- Born: 1972 (age 53–54)
- Citizenship: Angola
- Occupation: Politician

= Emília Dias =

Angolan politician (born 1972)

Emília Carlota Sebastião Celestino Dias (born 1972) is an Angolan politician and educator. She has been a member of Angola's National Assembly since 2008. In 2026, she was elected secretary general of the Organization of Angolan Women.

== Biography ==
Emília Carlota Dias was born in Angola's Namibe Province in 1972.

She started her political career in the 1980s as a member of various youth organizations, including the Agostinho Neto Pioneer Organization and the Youth of MPLA. She holds a bachelor's degree in education, specializing in history, and she previously taught at the School of Professional Training in Arts and Crafts in Namibe Province.
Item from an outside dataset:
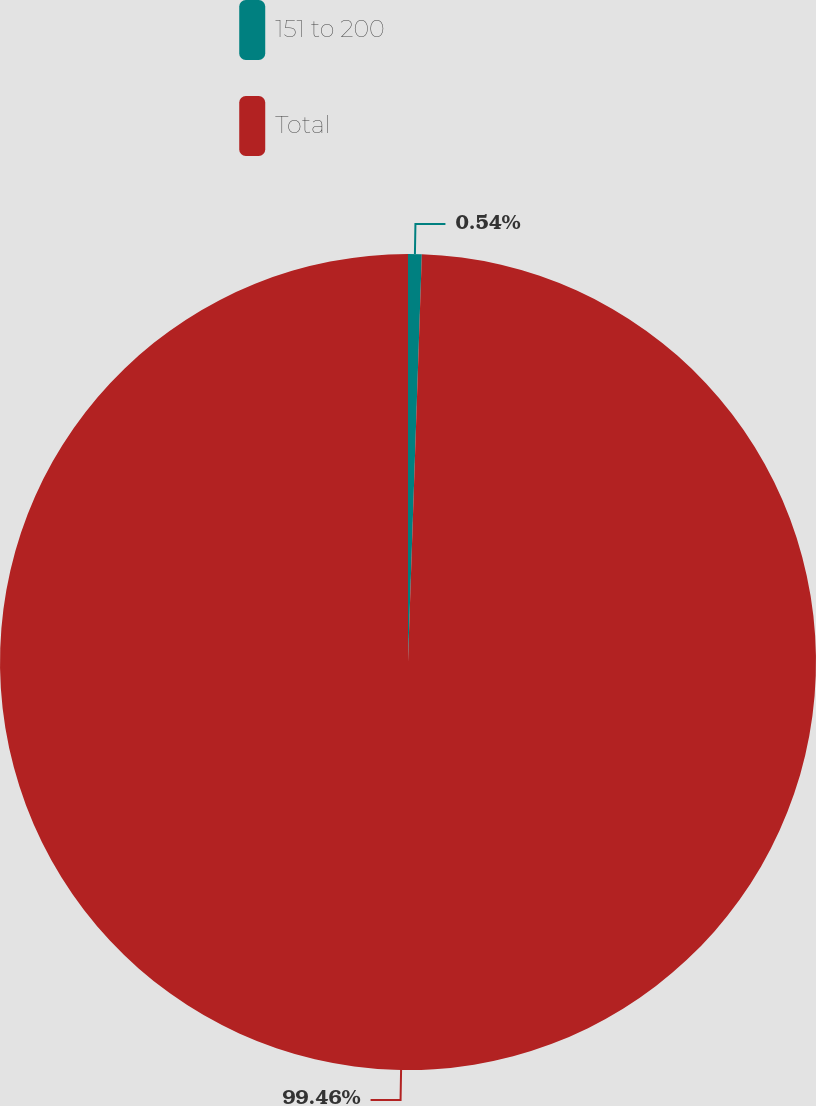<chart> <loc_0><loc_0><loc_500><loc_500><pie_chart><fcel>151 to 200<fcel>Total<nl><fcel>0.54%<fcel>99.46%<nl></chart>

She also was appointed as a section chief of the Angolan National Institute of Children.

In 2008, Dias was elected to the National Assembly of Angola as a member of the ruling MPLA party, representing the national electoral constituency. She was reelected in 2012, 2017, and 2022. In 2010, she served on the Constitutional Assembly that rewrote the Angolan Constitution, becoming one of the document's signatories.

In 2026, she was elected secretary general of the Organization of Angolan Women, succeeding Joana Tomás. She has served on the organization's Central Committee since 2005.

Throughout her career, Dias has advocated for women's empowerment, including support for rural women and the inclusion of women in decision-making processes.